CYP1B1-catalyzed 4-OHE2 promotes the castration resistance of prostate cancer stem cells by estrogen receptor α-mediated IL6 activation

Background: Resistance to androgen deprivation therapy remains a major challenge for the clinical treatment of patients with castration-resistant prostate cancer (CRPC). CYP1B1, a critical enzyme that catalyzes the conversion of estradiol to 4-Hydroxy-17 beta-estradiol (4-OHE2), has been reported to promote the development and progression of hormone-related cancer, but its role in CRPC is unclear. Methods: To explore the underlying mechanism which CYP1B1 promotes the prostate cancer stem cells (PCSCs) characteristics, bioinformatics analyses of human clinical prostate cancer (PCa) datasets were performed.
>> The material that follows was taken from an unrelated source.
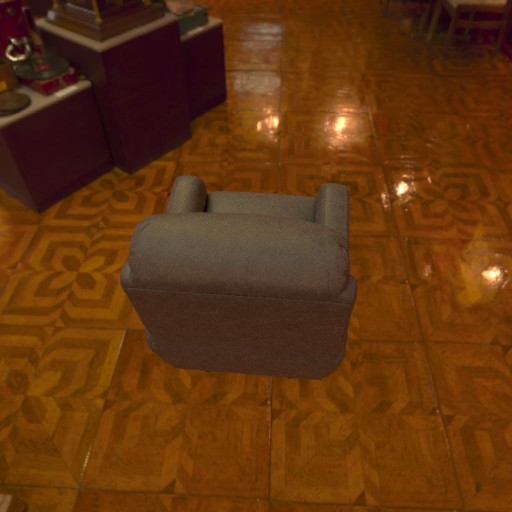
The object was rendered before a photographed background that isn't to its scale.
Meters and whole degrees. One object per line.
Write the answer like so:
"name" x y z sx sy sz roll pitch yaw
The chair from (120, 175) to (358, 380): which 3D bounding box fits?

CYP1B1, IL6, and estrogen receptor-alpha (ER alpha) expression levels were evaluated in PCa and CRPC tissues via immunohistochemistry. The high-performance liquid chromatography-mass spectrometry assay was carried out to examine intracellular 4-OHE2 levels. Serum-free suspension culture and flow cytometry assays were performed to evaluate PCSCs. Chromatin immunoprecipitation was used to validate that 4-OHE2 recruited ER alpha to the IL6 promoter. Results: CYP1B1 expression was significantly increased in CRPC tissues and androgen-independent PCa cell lines. CYP1B1(+) PCa cells were significantly enriched in bicalutamide-treated LNCaP cells, and CYP1B1 knockdown reduced the cell viability under bicalutamide treatment. In addition, CYP1B1 knockdown decreased the intracellular 4-OHE2 concentration, accompanied by reduced PCSC characteristics. In PCa cells, 4-OHE2 stimulated ER alpha transcriptional activity and upregulated the expression of IL6 and downstream genes of the IL6-STAT3 signaling. 4-OHE2 increased cell viability under bicalutamide treatment and promoted PCSC characteristics, while IL6 neutralizing antibody reversed these effects. Mechanistically, siER alpha and the ER antagonist ICI182780 significantly attenuated 4-OHE2-induced IL6 expression, and 4-OHE2 promoted the binding of ER alpha to the estrogen response element of the IL6 promoter. Conclusions: Our findings indicate that CYP1B1-catalyzed 4-OHE2 enhanced PCSC characteristics and attenuated bicalutamide sensitivity by ER alpha-mediated the IL6-STAT3 pathway activation. Our study further emphasizes the role of CYP1B1 in castration resistance and illustrates a novel mechanism of CRPC development.

Automated summary

The study reveals the significant role of CYP1B1 in castration-resistant prostate cancer (CRPC), as it promotes the expression of prostate cancer stem cell (PCSC) characteristics and reduces sensitivity to bicalutamide through the catalysis of 4-OHE2. This research uncovers a novel mechanism of CRPC development.